Bulimia. Bulimia involves a destructive cycle of bingeing and purging. Following an episode of out-of-control binge eating, people with bulimia take drastic steps to purge themselves of the extra calories. In order to avoid weight gain they vomit, exercise to excess, fast, or take laxatives.
Binge Eating Disorder. People with binge eating disorder compulsively overeat, rapidly consuming thousands of calories in a short period of time. Despite feelings of guilt and shame over these secret binges, they feel unable to control their behavior or stop eating even when uncomfortably full.

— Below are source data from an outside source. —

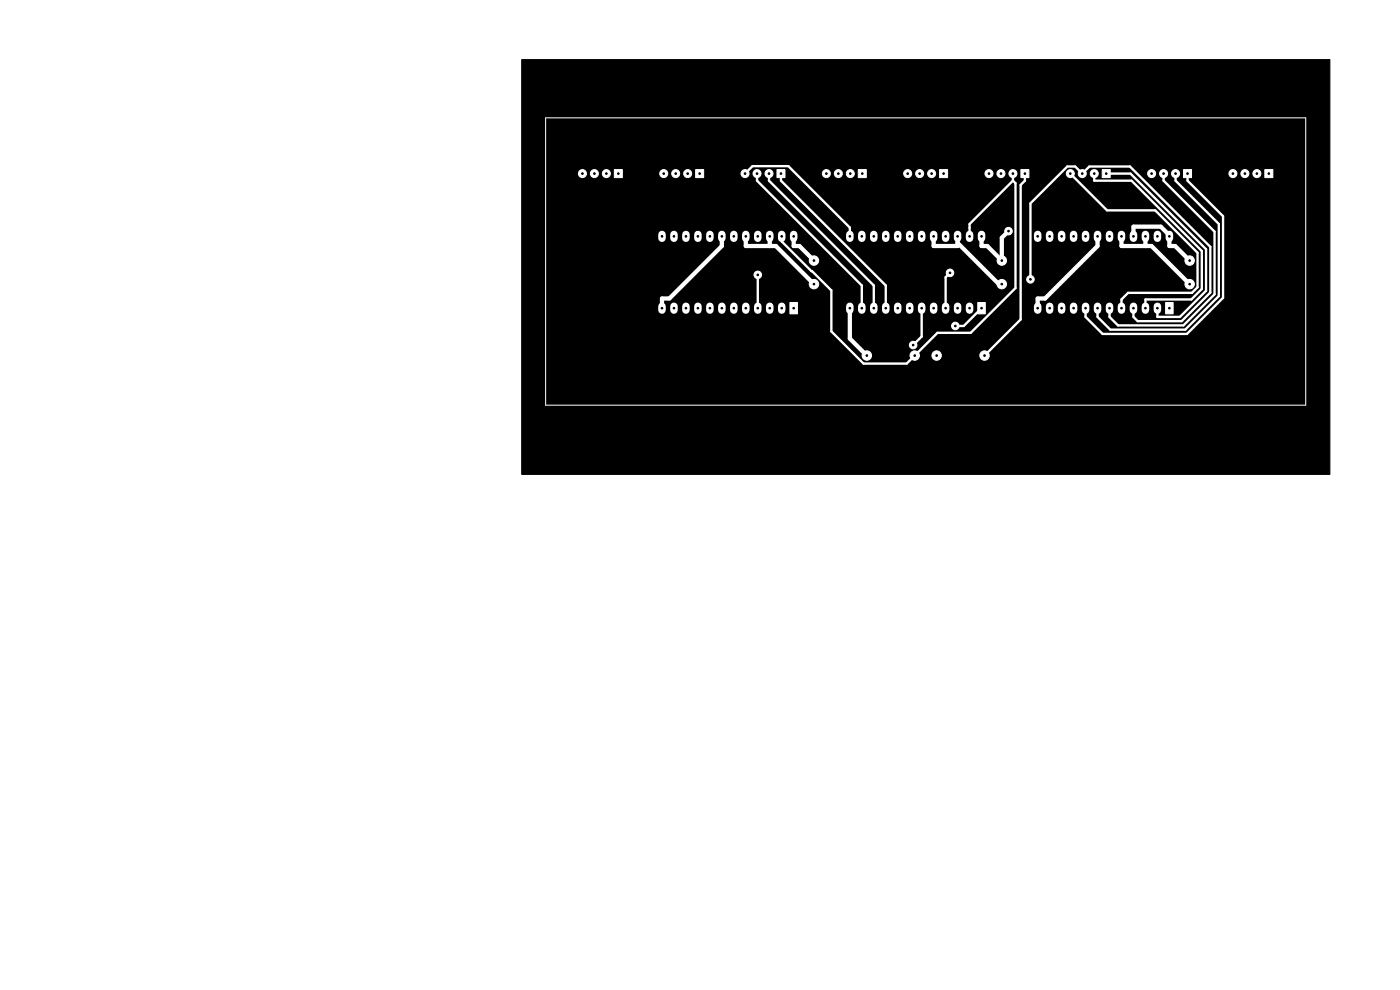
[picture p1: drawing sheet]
<svg xmlns="http://www.w3.org/2000/svg" width="297mm" height="210mm" viewBox="0 0 297 210" stroke-linecap="round" stroke-linejoin="round" font-family="sans-serif">
<g fill="#000" stroke="#000" stroke-width=".21">
<path d="M110.7 12.6h171.4v88h-171.4z"/>
<circle cx="119.3" cy="28.5" r=".17"/>
<circle cx="123.6" cy="36.8" r=".17"/>
<circle cx="126.1" cy="36.8" r=".17"/>
<circle cx="128.6" cy="36.8" r=".17"/>
<circle cx="131.2" cy="36.8" r=".17"/>
<circle cx="140.8" cy="36.8" r=".17"/>
<circle cx="143.3" cy="36.8" r=".17"/>
<circle cx="145.9" cy="36.8" r=".17"/>
<circle cx="148.4" cy="36.8" r=".17"/>
<circle cx="158.1" cy="36.8" r=".18"/>
<circle cx="160.6" cy="36.8" r=".18"/>
<circle cx="163.1" cy="36.8" r=".18"/>
<circle cx="165.7" cy="36.8" r=".18"/>
<circle cx="175.3" cy="36.8" r=".17"/>
<circle cx="177.8" cy="36.8" r=".17"/>
<circle cx="180.4" cy="36.8" r=".17"/>
<circle cx="182.9" cy="36.8" r=".17"/>
<circle cx="192.6" cy="36.8" r=".17"/>
<circle cx="195.1" cy="36.8" r=".17"/>
<circle cx="197.6" cy="36.8" r=".17"/>
<circle cx="200.2" cy="36.8" r=".17"/>
<circle cx="209.8" cy="36.8" r=".17"/>
<circle cx="212.3" cy="36.8" r=".17"/>
<circle cx="214.9" cy="36.8" r=".17"/>
<circle cx="217.4" cy="36.8" r=".17"/>
<circle cx="227.1" cy="36.8" r=".17"/>
<circle cx="229.6" cy="36.8" r=".17"/>
<circle cx="232.1" cy="36.8" r=".17"/>
<circle cx="234.7" cy="36.8" r=".17"/>
<circle cx="244.3" cy="36.8" r=".18"/>
<circle cx="246.8" cy="36.8" r=".18"/>
<circle cx="249.4" cy="36.8" r=".18"/>
<circle cx="251.9" cy="36.8" r=".18"/>
<circle cx="261.6" cy="36.8" r=".18"/>
<circle cx="264.1" cy="36.8" r=".18"/>
<circle cx="266.6" cy="36.8" r=".18"/>
<circle cx="269.2" cy="36.8" r=".18"/>
<circle cx="273.5" cy="28.5" r=".18"/>
<circle cx="140.4" cy="50.1" r=".18"/>
<circle cx="143" cy="50.1" r=".18"/>
<circle cx="145.5" cy="50.1" r=".18"/>
<circle cx="148.1" cy="50.1" r=".18"/>
<circle cx="150.6" cy="50.1" r=".18"/>
<circle cx="153.1" cy="50.1" r=".18"/>
<circle cx="155.7" cy="50.1" r=".18"/>
<circle cx="158.2" cy="50.1" r=".18"/>
<circle cx="160.8" cy="50.1" r=".18"/>
<circle cx="160.8" cy="58.3" r=".18"/>
<circle cx="163.3" cy="50.1" r=".18"/>
<circle cx="165.8" cy="50.1" r=".18"/>
<circle cx="168.4" cy="50.1" r=".18"/>
<circle cx="172.7" cy="55.3" r=".17"/>
<circle cx="180.3" cy="50.1" r=".17"/>
<circle cx="182.8" cy="50.1" r=".17"/>
<circle cx="185.4" cy="50.1" r=".17"/>
<circle cx="187.9" cy="50.1" r=".17"/>
<circle cx="190.4" cy="50.1" r=".17"/>
<circle cx="193" cy="50.1" r=".17"/>
<circle cx="195.5" cy="50.1" r=".17"/>
<circle cx="198.1" cy="50.1" r=".17"/>
<circle cx="200.6" cy="50.1" r=".17"/>
<circle cx="201.5" cy="57.9" r=".17"/>
<circle cx="203.1" cy="50.1" r=".17"/>
<circle cx="205.7" cy="50.1" r=".17"/>
<circle cx="208.2" cy="50.1" r=".17"/>
<circle cx="212.5" cy="55.3" r=".17"/>
<circle cx="213.9" cy="49" r=".18"/>
<circle cx="218.6" cy="59.3" r=".17"/>
<circle cx="220.1" cy="50.1" r=".17"/>
<circle cx="222.7" cy="50.1" r=".17"/>
<circle cx="225.2" cy="50.1" r=".17"/>
<circle cx="227.8" cy="50.1" r=".17"/>
<circle cx="230.3" cy="50.1" r=".17"/>
<circle cx="232.8" cy="50.1" r=".17"/>
<circle cx="235.4" cy="50.1" r=".17"/>
<circle cx="237.9" cy="50.1" r=".17"/>
<circle cx="240.5" cy="50.1" r=".17"/>
<circle cx="243" cy="50.1" r=".17"/>
<circle cx="245.5" cy="50.1" r=".17"/>
<circle cx="248.1" cy="50.1" r=".17"/>
<circle cx="252.4" cy="55.3" r=".17"/>
<circle cx="140.4" cy="65.4" r=".18"/>
<circle cx="143" cy="65.4" r=".18"/>
<circle cx="145.5" cy="65.4" r=".18"/>
<circle cx="148.1" cy="65.4" r=".18"/>
<circle cx="150.6" cy="65.4" r=".18"/>
<circle cx="153.1" cy="65.4" r=".18"/>
<circle cx="155.7" cy="65.4" r=".18"/>
<circle cx="158.2" cy="65.4" r=".18"/>
<circle cx="160.8" cy="65.4" r=".18"/>
<circle cx="163.3" cy="65.4" r=".18"/>
<circle cx="165.8" cy="65.4" r=".18"/>
<circle cx="168.4" cy="65.4" r=".18"/>
<circle cx="172.7" cy="60.3" r=".17"/>
<circle cx="180.3" cy="65.4" r=".17"/>
<circle cx="182.8" cy="65.4" r=".17"/>
<circle cx="183.9" cy="75.4" r=".17"/>
<circle cx="185.4" cy="65.4" r=".17"/>
<circle cx="187.9" cy="65.4" r=".17"/>
<circle cx="190.4" cy="65.4" r=".17"/>
<circle cx="193" cy="65.4" r=".17"/>
<circle cx="193.7" cy="73.2" r=".17"/>
<circle cx="194.1" cy="75.4" r=".17"/>
<circle cx="195.5" cy="65.4" r=".17"/>
<circle cx="198.1" cy="65.4" r=".17"/>
<circle cx="198.7" cy="75.4" r=".17"/>
<circle cx="200.6" cy="65.4" r=".17"/>
<circle cx="202.7" cy="69.2" r=".17"/>
<circle cx="203.1" cy="65.4" r=".17"/>
<circle cx="205.7" cy="65.4" r=".17"/>
<circle cx="208.2" cy="65.4" r=".17"/>
<circle cx="208.9" cy="75.4" r=".17"/>
<circle cx="212.5" cy="60.3" r=".17"/>
<circle cx="220.1" cy="65.4" r=".17"/>
<circle cx="222.7" cy="65.4" r=".17"/>
<circle cx="225.2" cy="65.4" r=".17"/>
<circle cx="227.8" cy="65.4" r=".17"/>
<circle cx="230.3" cy="65.4" r=".17"/>
<circle cx="232.8" cy="65.4" r=".17"/>
<circle cx="235.4" cy="65.4" r=".17"/>
<circle cx="237.9" cy="65.4" r=".17"/>
<circle cx="240.5" cy="65.4" r=".17"/>
<circle cx="243" cy="65.4" r=".17"/>
<circle cx="245.5" cy="65.4" r=".17"/>
<circle cx="248.1" cy="65.4" r=".17"/>
<circle cx="252.4" cy="60.3" r=".17"/>
<circle cx="119.3" cy="82.4" r=".17"/>
<circle cx="273.5" cy="82.5" r=".18"/>
</g>
<g fill="#fff" stroke="#fff" stroke-width=".21">
<path d="M167.6 64.2h1.6v2.4h-1.6z"/>
<path d="M164.8 36h1.7v1.7h-1.7z"/>
<path d="M268.3 36h1.7v1.7h-1.7z"/>
<path d="M147.6 36h1.7v1.7h-1.7z"/>
<path d="M247.3 64.2h1.6v2.4h-1.6z"/>
<path d="M199.3 36h1.7v1.7h-1.7z"/>
<path d="M233.8 36h1.7v1.7h-1.7z"/>
<path d="M207.4 64.2h1.6v2.4h-1.6z"/>
<path d="M216.6 36h1.7v1.7h-1.7z"/>
<path d="M130.3 36h1.7v1.7h-1.7z"/>
<path d="M182.1 36h1.7v1.7h-1.7z"/>
<path d="M251.1 36h1.7v1.7h-1.7z"/>
<circle cx="163.1" cy="36.8" r=".85"/>
<circle cx="160.6" cy="36.8" r=".85"/>
<circle cx="158.1" cy="36.8" r=".85"/>
<circle cx="172.7" cy="55.3" r="1"/>
<circle cx="172.7" cy="60.3" r="1"/>
<circle cx="266.6" cy="36.8" r=".85"/>
<circle cx="264.1" cy="36.8" r=".85"/>
<circle cx="261.6" cy="36.8" r=".85"/>
<circle cx="145.9" cy="36.8" r=".85"/>
<circle cx="143.3" cy="36.8" r=".85"/>
<circle cx="140.8" cy="36.8" r=".85"/>
<circle cx="208.9" cy="75.4" r="1"/>
<circle cx="198.7" cy="75.4" r="1"/>
<circle cx="197.6" cy="36.8" r=".85"/>
<circle cx="195.1" cy="36.8" r=".85"/>
<circle cx="192.6" cy="36.8" r=".85"/>
<circle cx="194.1" cy="75.4" r="1"/>
<circle cx="183.9" cy="75.4" r="1"/>
<circle cx="232.1" cy="36.8" r=".85"/>
<circle cx="229.6" cy="36.8" r=".85"/>
<circle cx="227.1" cy="36.8" r=".85"/>
<circle cx="212.5" cy="55.3" r="1"/>
<circle cx="212.5" cy="60.3" r="1"/>
<circle cx="214.9" cy="36.8" r=".85"/>
<circle cx="212.3" cy="36.8" r=".85"/>
<circle cx="209.8" cy="36.8" r=".85"/>
<circle cx="128.6" cy="36.8" r=".85"/>
<circle cx="126.1" cy="36.8" r=".85"/>
<circle cx="123.6" cy="36.8" r=".85"/>
<circle cx="180.4" cy="36.8" r=".85"/>
<circle cx="177.8" cy="36.8" r=".85"/>
<circle cx="175.3" cy="36.8" r=".85"/>
<circle cx="252.4" cy="55.3" r="1"/>
<circle cx="252.4" cy="60.3" r="1"/>
<circle cx="249.4" cy="36.8" r=".85"/>
<circle cx="246.8" cy="36.8" r=".85"/>
<circle cx="244.3" cy="36.8" r=".85"/>
<circle cx="213.9" cy="49" r=".8"/>
<circle cx="202.7" cy="69.2" r=".8"/>
<circle cx="160.8" cy="58.3" r=".8"/>
<circle cx="218.6" cy="59.3" r=".8"/>
<circle cx="201.5" cy="57.9" r=".8"/>
<circle cx="193.7" cy="73.2" r=".8"/>
</g>
<g fill="none" stroke="#fff" stroke-width="1.6">
<path d="M140.4 49.7v.8M143 49.7v.8M145.5 49.7v.8M148.1 49.7v.8M150.6 49.7v.8M153.1 49.7v.8M155.7 49.7v.8M158.2 49.7v.8M160.8 49.7v.8M163.3 49.7v.8M165.8 49.7v.8M168.4 49.7v.8"/>
<path d="M180.3 49.7v.8M182.8 49.7v.8M185.4 49.7v.8M187.9 49.7v.8M190.4 49.7v.8M193 49.7v.8M195.5 49.7v.8M198.1 49.7v.8M200.6 49.7v.8M203.1 49.7v.8M205.7 49.7v.8M208.2 49.7v.8"/>
<path d="M220.1 49.7v.8M222.7 49.7v.8M225.2 49.7v.8M227.8 49.7v.8M230.3 49.7v.8M232.8 49.7v.8M235.4 49.7v.8M237.9 49.7v.8M240.5 49.7v.8M243 49.7v.8M245.5 49.7v.8M248.1 49.7v.8"/>
<path d="M140.4 65v.8M143 65v.8M145.5 65v.8M148.1 65v.8M150.6 65v.8M153.1 65v.8M155.7 65v.8M158.2 65v.8M160.8 65v.8M163.3 65v.8M165.8 65v.8M180.3 65v.8"/>
<path d="M182.8 65v.8M185.4 65v.8M187.9 65v.8M190.4 65v.8M193 65v.8M195.5 65v.8M198.1 65v.8M200.6 65v.8M203.1 65v.8M205.7 65v.8M220.1 65v.8M222.7 65v.8"/>
<path d="M225.2 65v.8M227.8 65v.8M230.3 65v.8M232.8 65v.8M235.4 65v.8M237.9 65v.8M240.5 65v.8M243 65v.8M245.5 65v.8"/>
</g>
<g fill="none" stroke="#fff" stroke-width=".9">
<path d="M153.1 50.1v2.1l-11.1 11.1h-1.6v2.1M158.2 50.1v2.1h6.4l8.1 8.1M163.3 52.2h.1M163.3 50.1v2.1M168.4 50.1v2.1h1.2l3.1 3.1M198.1 50.1v2.1h5v-2.1M203.1 51.5l8.8 8.8h.6M213.9 49l-1.4 1.4v4.9l-3.1-3.1h-1.2v-2.1M232.8 50.1v2.1l-11.1 11.1h-1.6v2.1M237.9 50.1v2.1h6.4l8.1 8.1M240.5 50.1v-2h5.8l1.8 1.8v2.3h1.2l3.1 3.1M243 50.1v2.1"/>
<path d="M243 52.2h.1M180.3 65.4v6.4l3.6 3.6"/>
</g>
<g fill="none" stroke="#fff" stroke-width=".5">
<path d="M158.1 36.8l1.5-1.6h7.6l13.1 13.1v1.8M160.6 36.8v1.5l22.2 22.3v4.8M163.1 36.8v1.5l22.3 22.3v4.8M165.7 36.8v1.5l22.2 22.3v4.8M214.9 38.3l-9.2 9.2v2.6M214.9 38.3l.5 .6v22.2l-9.5 9.5h-7l-6.5 6.5h-9.2l-6.8-6.8v-8.7l-10.6-10.4v-1.1M214.9 36.8v1.5M217.4 36.8v1.5l-.9 .9v28.6l-7.6 7.6M227.1 36.8l7.8 7.8h10.2l9 9v7.3l-1.2 1.2h-13.6l-1.4 1.4v1.9M232.1 36.8v1.5h7.9l15 14.9v8.1l-2.3 2.2h-9.7v1.9M234.7 36.8h5.1l16.1 16.1v8.8l-5.6 5.5h-4.8v-1.8M246.8 36.8v1.5l10.9 10.8v13.3l-6.6 6.6h-13.9l-1.8-1.8v-1.8"/>
<path d="M249.4 36.8v1.5l9.2 9.2v15.3l-7.2 7.1h-15.9l-2.7-2.7v-1.8M251.9 36.8v1.5l7.6 7.6v17.3l-7.7 7.6h-17.9l-3.6-3.6v-1.8M160.8 58.3v7.1M201.5 57.9l-.9 .9v6.6M218.6 59.3v-16.2l7.8-7.8h1.7l1.5 1.5 1.5-1.5h8.6l17.1 17.1v9.7l-6.1 6h-9.3l-.9-.9v-1.8M195.5 65.4v6l-1.8 1.8M208.2 65.4l-3.7 3.8h-1.8"/>
</g>
<path d="M115.8 25h161.2v61h-161.2z" fill="none" stroke="#fff" stroke-width=".21"/>
</svg>

Eating Disorders: Helping A Friend
Being a friend to someone with an eating disorder can sometimes be very challenging. It is normal to feel frustrated, worried and scared for your friend, especially if s/he isnt able to admit that there is a serious problem. Being secretive about eating and exercising is a common characteristic of an individual with an eating disorder, and you may feel that you have to watch over your friend to make sure s/he is taking care of her/himself. The truth is that you have very limited influence on your friends eating habits, and it is ultimately her/his decision about what and how s/he eats. This is not to say that you should give up on or reject your friend who has an eating disorder. People who have sought treatment for an eating disorder often emphasize how important the ongoing support of their friends and family was to their eventual recovery. They say that having friends who both continued to believe in them, and also to relate to them beyond just their eating disorder was crucial in their taking steps toward health.